== Input records

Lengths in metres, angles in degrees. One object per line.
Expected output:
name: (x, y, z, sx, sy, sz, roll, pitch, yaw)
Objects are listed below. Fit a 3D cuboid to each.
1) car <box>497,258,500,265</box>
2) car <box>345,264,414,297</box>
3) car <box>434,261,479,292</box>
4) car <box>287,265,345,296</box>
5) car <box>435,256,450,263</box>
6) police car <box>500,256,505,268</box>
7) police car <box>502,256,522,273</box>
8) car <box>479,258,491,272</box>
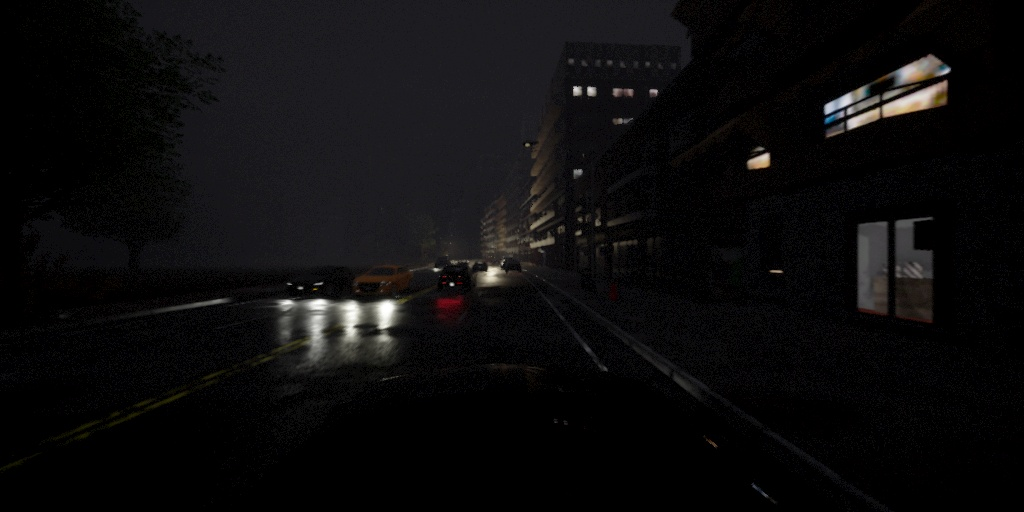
car: (-0.864, 1.001, 60.548, 2.150, 2.045, 5.566, 0, 0, -4)
car: (-6.675, 1.230, 19.079, 1.882, 1.535, 5.008, 0, 0, -1)
car: (-3.260, 1.260, 21.645, 1.837, 1.490, 4.892, 0, 0, -1)
car: (-9.925, 1.256, 19.201, 1.837, 1.490, 4.892, 0, 0, -1)
car: (-11.629, 0.995, 60.351, 2.150, 2.045, 5.566, 0, 0, -4)
police car: (-0.451, 1.197, 54.588, 1.930, 1.638, 5.238, 0, 0, -4)
police car: (0.130, 1.191, 44.518, 1.930, 1.638, 5.238, 0, 0, -3)
car: (-4.145, 1.331, 46.978, 1.994, 1.385, 4.181, 0, 0, -3)
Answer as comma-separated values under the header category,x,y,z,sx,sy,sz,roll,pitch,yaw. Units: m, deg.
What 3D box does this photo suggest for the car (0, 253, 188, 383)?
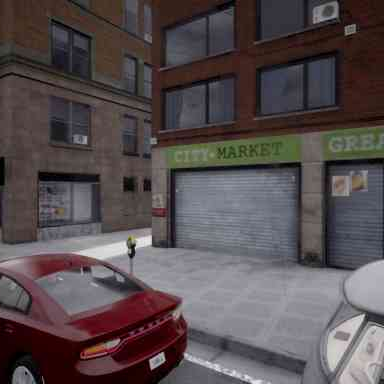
category,x,y,z,sx,sy,sz,roll,pitch,yaw
car,-2.160,1.544,4.615,4.507,1.381,1.887,0,0,35

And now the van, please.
category,x,y,z,sx,sy,sz,roll,pitch,yaw
van,2.450,1.341,1.329,3.998,1.788,1.690,0,0,35
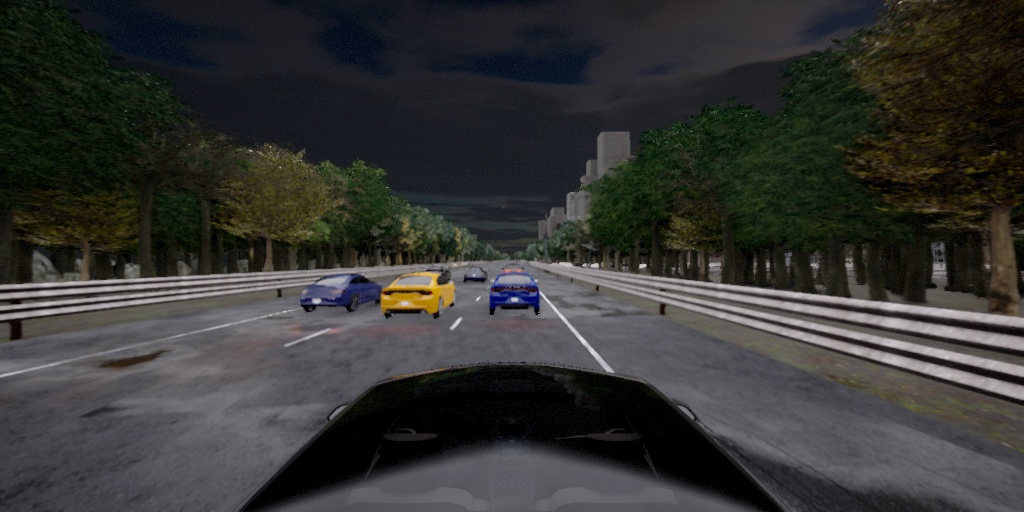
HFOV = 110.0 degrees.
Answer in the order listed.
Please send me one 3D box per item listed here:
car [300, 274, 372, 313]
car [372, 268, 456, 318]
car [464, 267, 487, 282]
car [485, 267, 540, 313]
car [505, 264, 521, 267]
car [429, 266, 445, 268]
[{"bbox_3d":[-6.900,1.450,14.974,1.812,1.442,4.674,0,-1,0],"label":"car"},{"bbox_3d":[-3.400,1.387,13.854,1.882,1.535,5.008,0,-1,0],"label":"car"},{"bbox_3d":[-3.399,1.728,34.093,1.994,1.385,4.181,0,-1,0],"label":"car"},{"bbox_3d":[0.099,1.401,14.925,1.882,1.535,5.008,0,-1,0],"label":"car"},{"bbox_3d":[0.101,1.507,33.309,2.097,1.767,4.553,0,-1,0],"label":"car"},{"bbox_3d":[-6.898,1.650,33.534,2.128,1.511,4.902,0,-1,0],"label":"car"}]
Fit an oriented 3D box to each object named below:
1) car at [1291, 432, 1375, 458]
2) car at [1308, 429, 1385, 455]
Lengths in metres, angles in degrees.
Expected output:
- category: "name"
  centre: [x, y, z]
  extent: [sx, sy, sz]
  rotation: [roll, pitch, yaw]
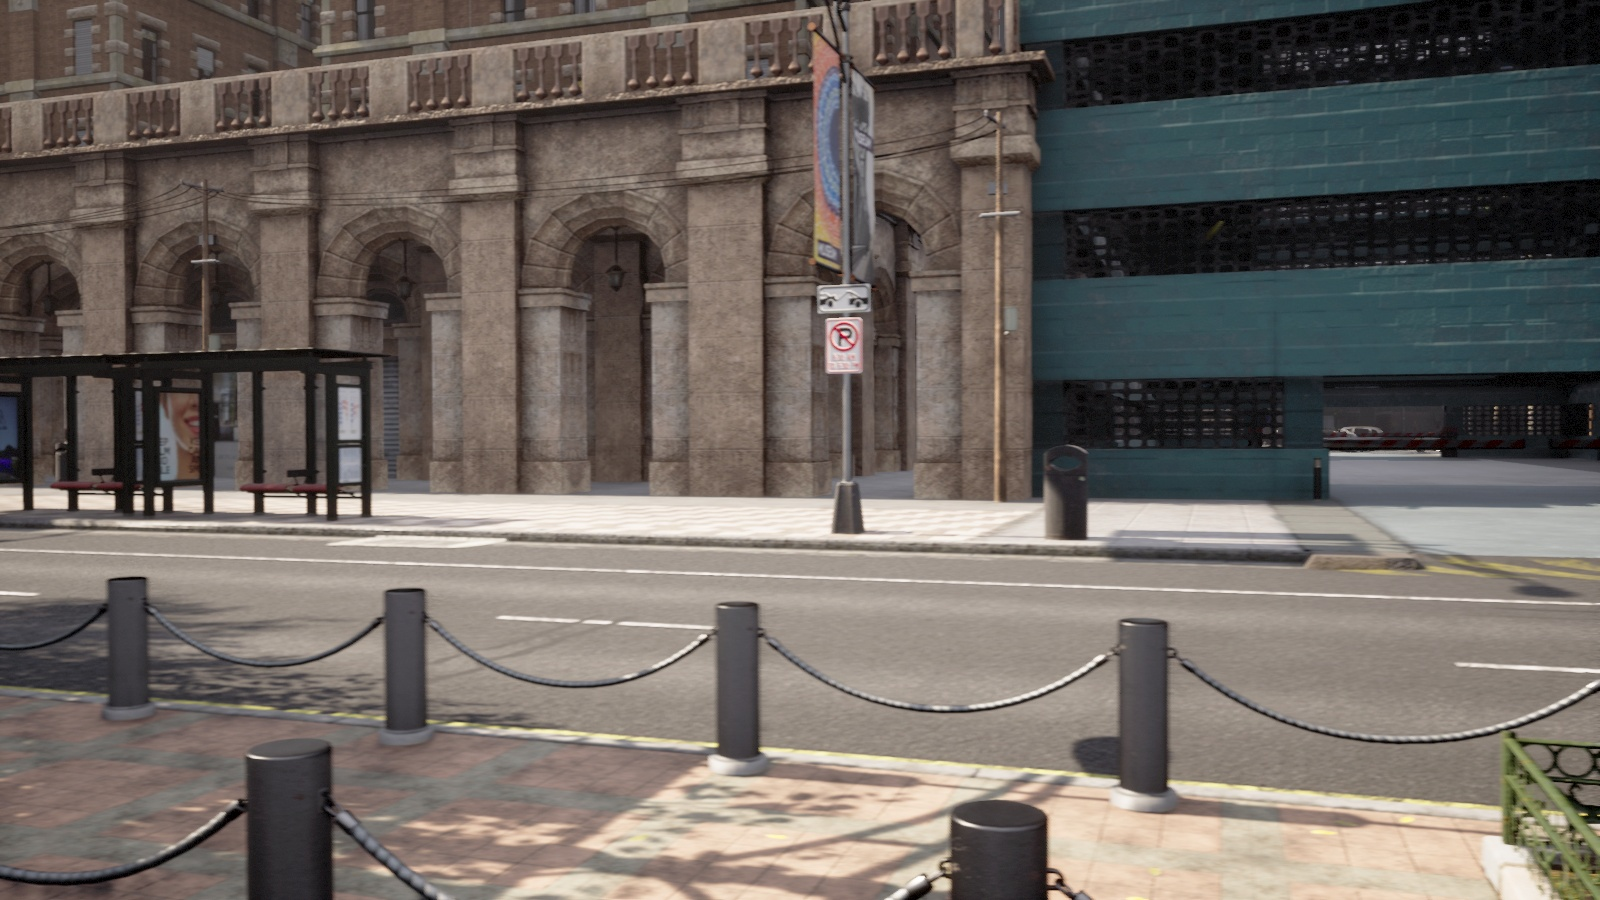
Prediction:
- category: "car"
  centre: [31.986, -0.322, 75.515]
  extent: [4.514, 1.525, 2.007]
  rotation: [0, 1, 18]
- category: "car"
  centre: [36.896, -0.559, 84.946]
  extent: [4.611, 1.667, 2.242]
  rotation: [0, 1, 18]
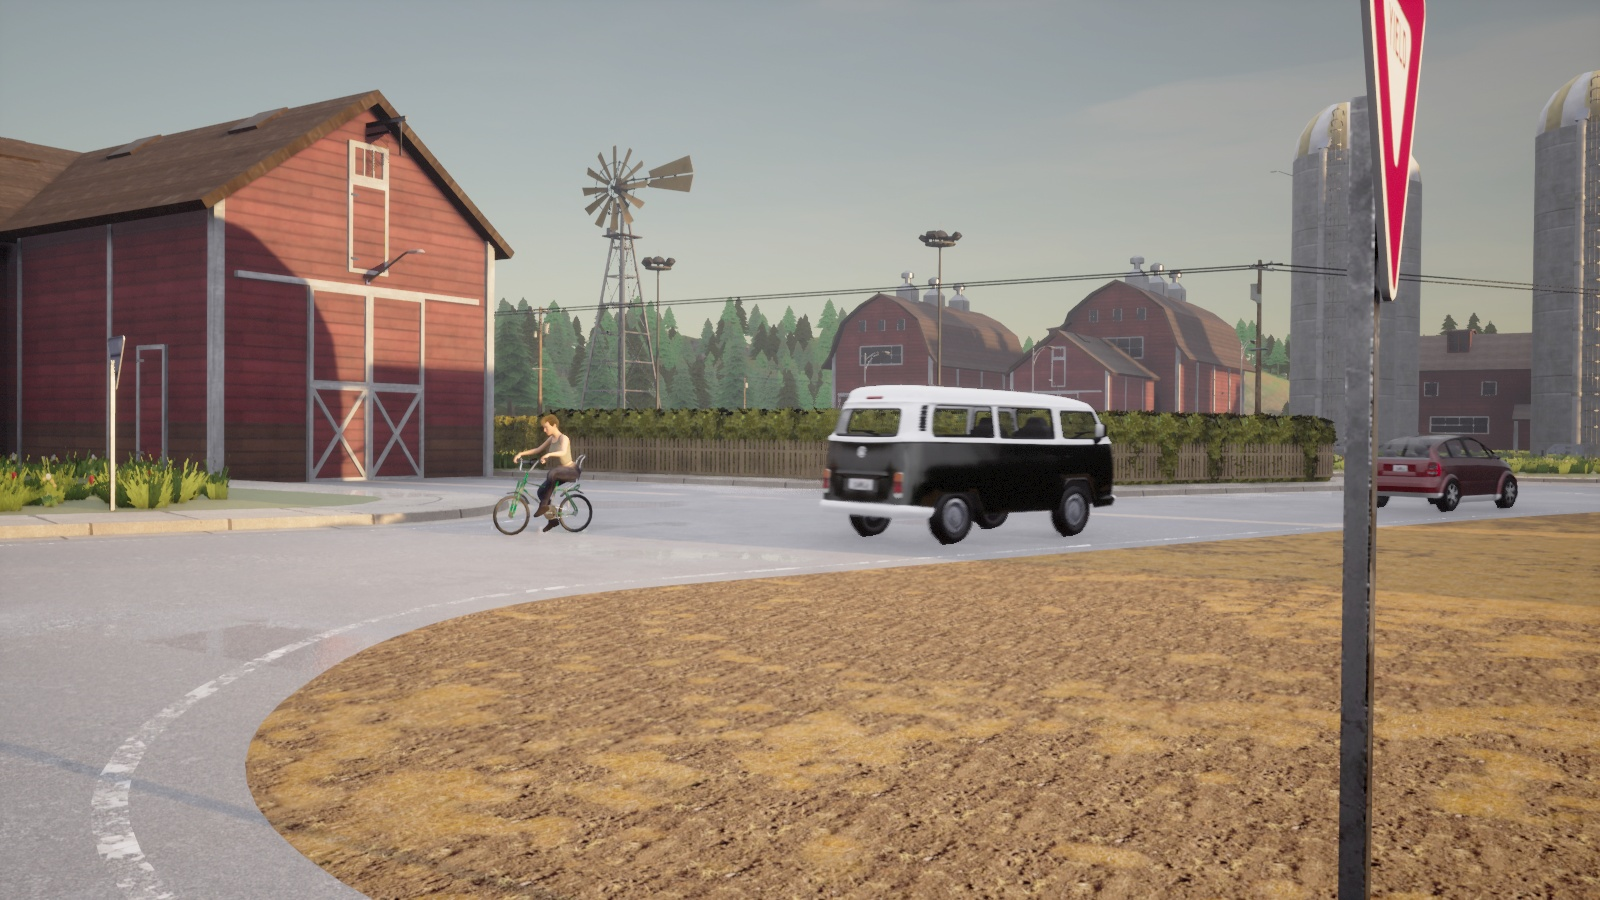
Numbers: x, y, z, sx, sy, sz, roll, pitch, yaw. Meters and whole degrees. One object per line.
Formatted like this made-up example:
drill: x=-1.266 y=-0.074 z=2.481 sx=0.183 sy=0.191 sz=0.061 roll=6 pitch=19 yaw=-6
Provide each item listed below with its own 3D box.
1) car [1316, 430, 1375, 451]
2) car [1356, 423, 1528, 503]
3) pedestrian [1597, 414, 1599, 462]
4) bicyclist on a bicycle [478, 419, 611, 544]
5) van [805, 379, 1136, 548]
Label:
car: x=38.736 y=-0.683 z=89.186 sx=3.633 sy=1.501 sz=1.845 roll=0 pitch=1 yaw=32
car: x=13.519 y=0.222 z=26.390 sx=3.705 sy=1.549 sz=1.789 roll=-1 pitch=1 yaw=-37
pedestrian: x=31.776 y=-0.466 z=49.146 sx=0.900 sy=1.855 sz=0.874 roll=0 pitch=1 yaw=27
bicyclist on a bicycle: x=-3.442 y=0.392 z=16.940 sx=1.509 sy=1.612 sz=0.866 roll=-1 pitch=1 yaw=-40
van: x=2.453 y=0.129 z=17.385 sx=4.480 sy=2.038 sz=2.069 roll=-1 pitch=1 yaw=-40
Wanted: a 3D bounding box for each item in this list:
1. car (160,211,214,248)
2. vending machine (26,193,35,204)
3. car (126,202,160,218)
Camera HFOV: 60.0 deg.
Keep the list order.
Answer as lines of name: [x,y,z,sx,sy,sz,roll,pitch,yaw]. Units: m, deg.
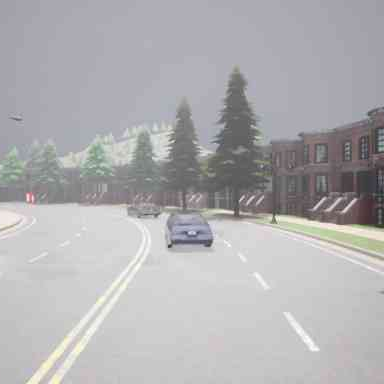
car: [-0.260,1.563,14.825,2.033,1.411,5.357,0,0,-6]
vending machine: [-29.974,1.194,61.730,0.880,2.100,1.100,0,0,18]
car: [-4.391,1.563,29.770,2.033,1.411,5.357,0,0,-25]
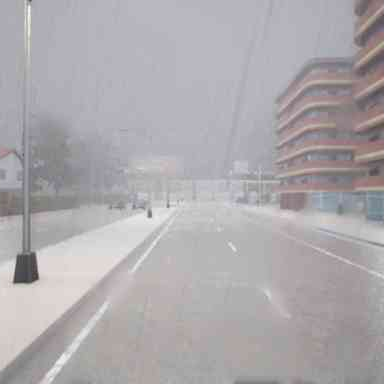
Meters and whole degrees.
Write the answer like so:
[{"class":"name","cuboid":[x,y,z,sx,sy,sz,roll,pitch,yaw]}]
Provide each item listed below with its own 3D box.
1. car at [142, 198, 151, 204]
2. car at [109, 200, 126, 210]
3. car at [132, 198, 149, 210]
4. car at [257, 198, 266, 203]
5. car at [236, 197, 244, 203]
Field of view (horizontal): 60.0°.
[{"class":"car","cuboid":[-11.525,2.326,84.329,1.812,1.442,4.674,0,-1,0]},{"class":"car","cuboid":[-11.519,1.984,51.436,2.128,1.511,4.902,0,-1,0]},{"class":"car","cuboid":[-8.019,1.984,51.437,2.128,1.511,4.902,0,-1,0]},{"class":"car","cuboid":[18.928,2.318,90.619,1.970,1.475,3.806,0,-1,0]},{"class":"car","cuboid":[13.184,2.150,89.857,2.242,1.667,4.611,0,-1,0]}]
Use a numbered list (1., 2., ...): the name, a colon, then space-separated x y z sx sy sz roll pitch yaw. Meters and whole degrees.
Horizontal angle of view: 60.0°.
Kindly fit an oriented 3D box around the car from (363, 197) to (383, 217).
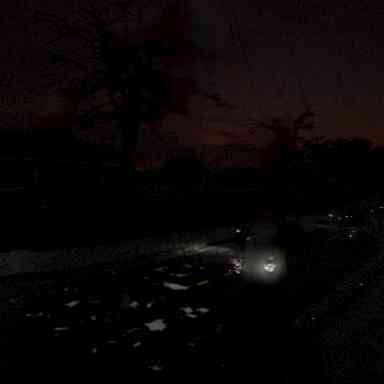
1. car: 19.752 1.559 35.415 2.150 2.045 5.566 0 -1 39

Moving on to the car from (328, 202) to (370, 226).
1. car: 12.098 1.725 25.825 1.837 1.490 4.892 0 -1 38

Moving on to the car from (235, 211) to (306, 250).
1. car: 3.765 1.640 15.328 1.812 1.442 4.674 0 0 38
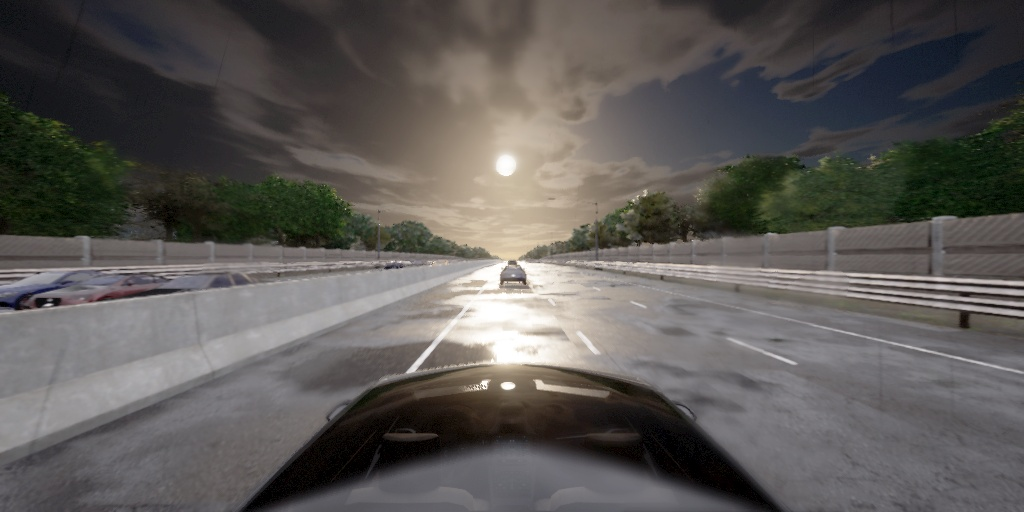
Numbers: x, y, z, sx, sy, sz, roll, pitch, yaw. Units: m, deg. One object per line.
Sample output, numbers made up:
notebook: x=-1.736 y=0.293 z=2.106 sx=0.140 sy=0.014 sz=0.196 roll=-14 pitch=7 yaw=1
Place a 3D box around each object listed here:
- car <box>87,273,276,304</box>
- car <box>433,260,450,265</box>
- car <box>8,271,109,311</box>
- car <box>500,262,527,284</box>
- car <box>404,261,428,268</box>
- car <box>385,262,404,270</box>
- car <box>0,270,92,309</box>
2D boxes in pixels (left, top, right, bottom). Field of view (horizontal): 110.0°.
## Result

====

◆ Try it:
Set down the lines of the listing word for word, from its first line through the line containing "7) police car <box>502,256,522,273</box>". Both of those lines belong in the answer, and no others do.

◆ Solved problem:
Lengths in metres, angles in degrees. One object per line.
Expected output:
name: (x, y, z, sx, sy, sz, roll, pitch, yaw)
Objects are listed below. Fit a 3D cuboid to each.
1) car <box>497,258,500,265</box>
2) car <box>345,264,414,297</box>
3) car <box>434,261,479,292</box>
4) car <box>287,265,345,296</box>
5) car <box>435,256,450,263</box>
6) police car <box>500,256,505,268</box>
7) police car <box>502,256,522,273</box>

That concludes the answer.